= Beginning of Section =

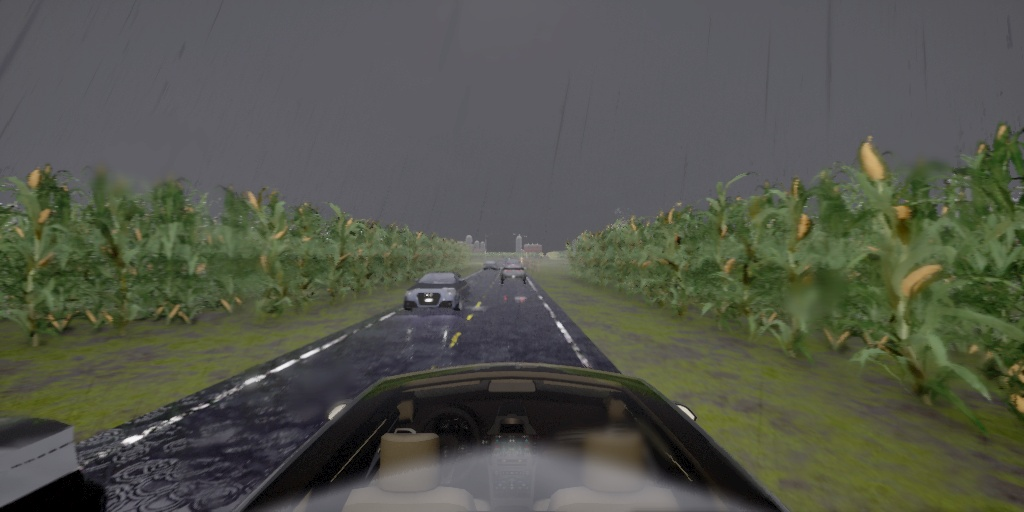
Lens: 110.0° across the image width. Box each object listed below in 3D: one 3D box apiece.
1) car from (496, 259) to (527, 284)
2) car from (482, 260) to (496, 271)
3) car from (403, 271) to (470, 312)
[{"bbox_3d":[0.102,1.238,27.116,2.128,1.511,4.902,0,0,0],"label":"car"},{"bbox_3d":[-2.829,1.273,47.705,2.033,1.411,5.357,0,0,0],"label":"car"},{"bbox_3d":[-2.821,1.314,14.205,1.994,1.385,4.181,0,0,1],"label":"car"}]
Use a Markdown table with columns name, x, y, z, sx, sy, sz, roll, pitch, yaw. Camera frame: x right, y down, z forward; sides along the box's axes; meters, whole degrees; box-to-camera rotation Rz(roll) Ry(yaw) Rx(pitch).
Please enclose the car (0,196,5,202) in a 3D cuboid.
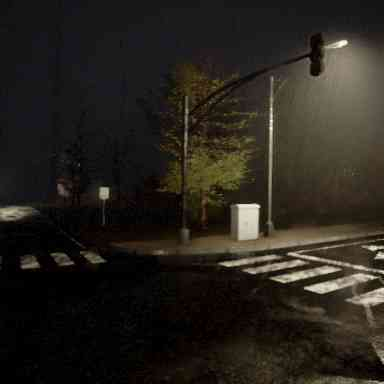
| name | x | y | z | sx | sy | sz | roll | pitch | yaw |
| --- | --- | --- | --- | --- | --- | --- | --- | --- | --- |
| car | -46.710 | 1.687 | 81.058 | 2.033 | 1.411 | 5.357 | 1 | 0 | -29 |
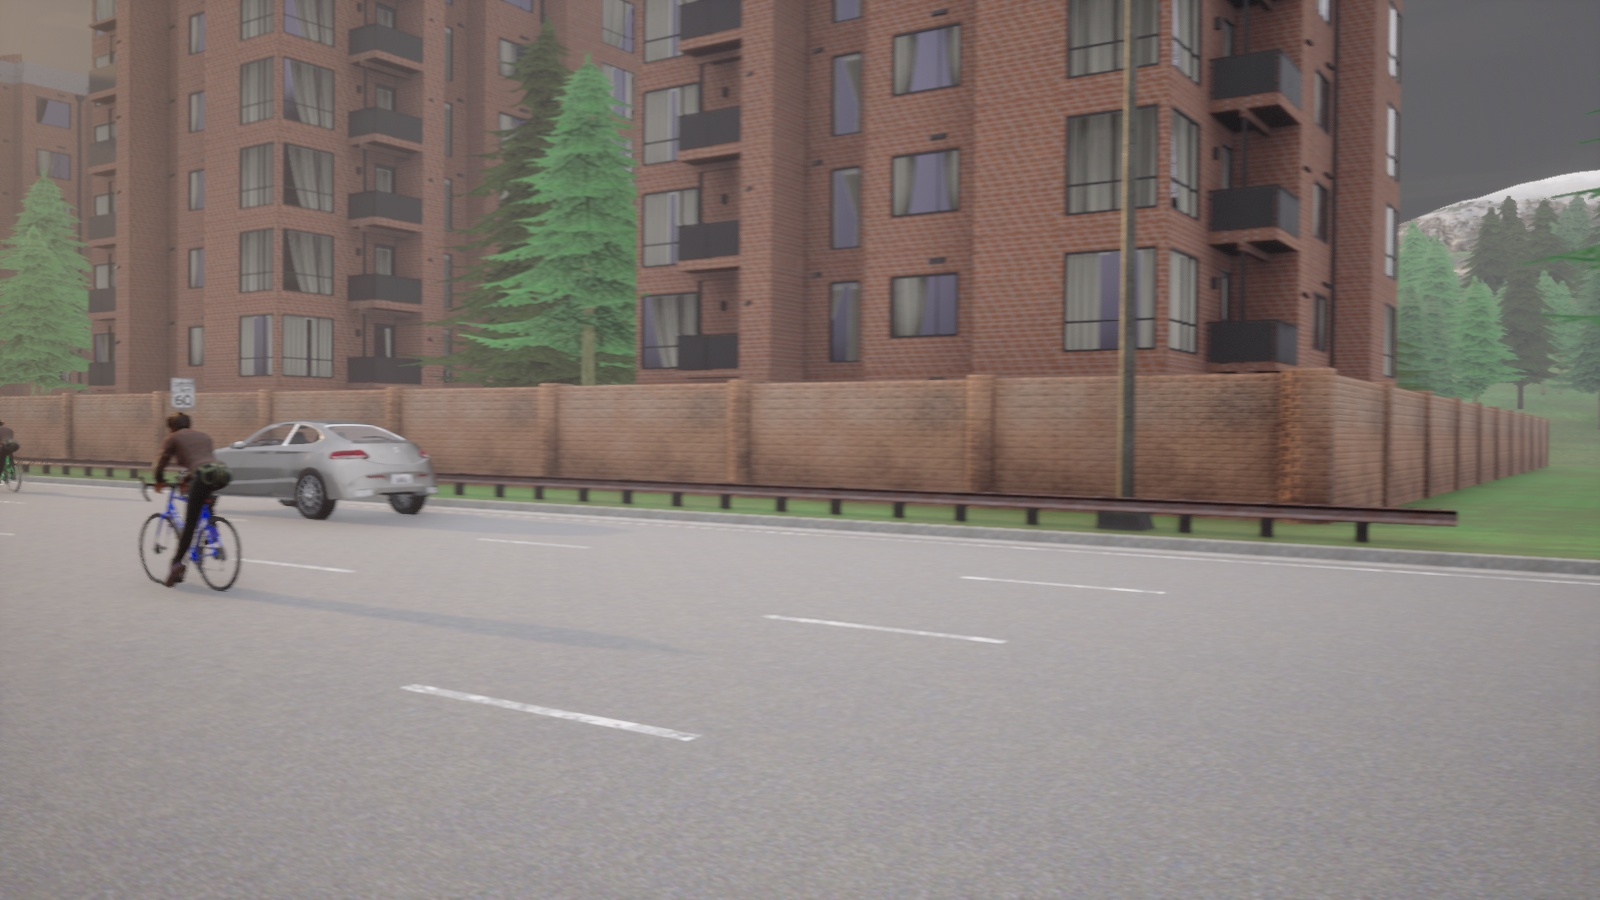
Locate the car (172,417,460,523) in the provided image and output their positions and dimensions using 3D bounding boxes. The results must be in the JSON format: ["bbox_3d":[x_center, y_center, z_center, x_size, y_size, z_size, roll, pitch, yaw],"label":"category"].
[{"bbox_3d":[-8.479,0.290,21.857,5.027,1.651,2.152,0,1,34],"label":"car"}]

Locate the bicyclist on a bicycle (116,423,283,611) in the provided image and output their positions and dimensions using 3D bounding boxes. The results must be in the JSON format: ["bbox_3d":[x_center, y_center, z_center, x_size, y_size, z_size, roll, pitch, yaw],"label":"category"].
[{"bbox_3d":[-5.501,0.578,11.480,1.656,1.620,0.582,0,1,34],"label":"bicyclist on a bicycle"}]

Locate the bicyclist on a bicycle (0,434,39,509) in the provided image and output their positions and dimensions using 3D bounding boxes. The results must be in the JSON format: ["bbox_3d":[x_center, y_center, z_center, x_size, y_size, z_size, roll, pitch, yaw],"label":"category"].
[{"bbox_3d":[-17.692,0.464,27.981,1.656,1.620,0.582,0,1,34],"label":"bicyclist on a bicycle"}]
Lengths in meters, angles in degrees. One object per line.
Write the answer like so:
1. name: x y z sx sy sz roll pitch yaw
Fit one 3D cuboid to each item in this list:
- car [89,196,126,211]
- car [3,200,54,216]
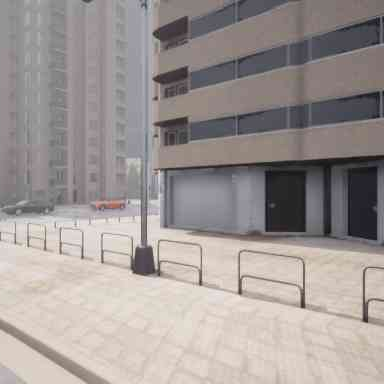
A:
1. car: -10.623 1.407 41.737 2.097 1.767 4.553 0 0 39
2. car: -16.681 1.560 34.146 1.837 1.490 4.892 0 0 39
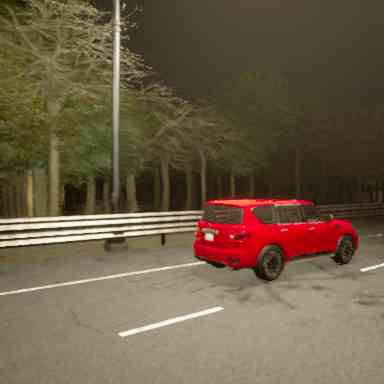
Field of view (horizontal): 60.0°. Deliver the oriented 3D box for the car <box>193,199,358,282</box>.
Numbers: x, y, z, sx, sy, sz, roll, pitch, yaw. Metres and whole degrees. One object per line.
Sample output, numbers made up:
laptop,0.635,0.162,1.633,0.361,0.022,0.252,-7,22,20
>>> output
car,2.654,1.215,9.977,5.566,2.045,2.150,-1,0,-35

= End of Section =

* What the task requires *
All lines above containing the string "object" are to be collected.

* Task output *
Lens: 110.0° across the image width. Box each object listed below in 3D: one 3D box apiece.
Lengths in meters, angles in degrees. One object per line.
Numbers: x, y, z, sx, sy, sz, roll, pitch, yaw. Metres and whole degrees. One object per line.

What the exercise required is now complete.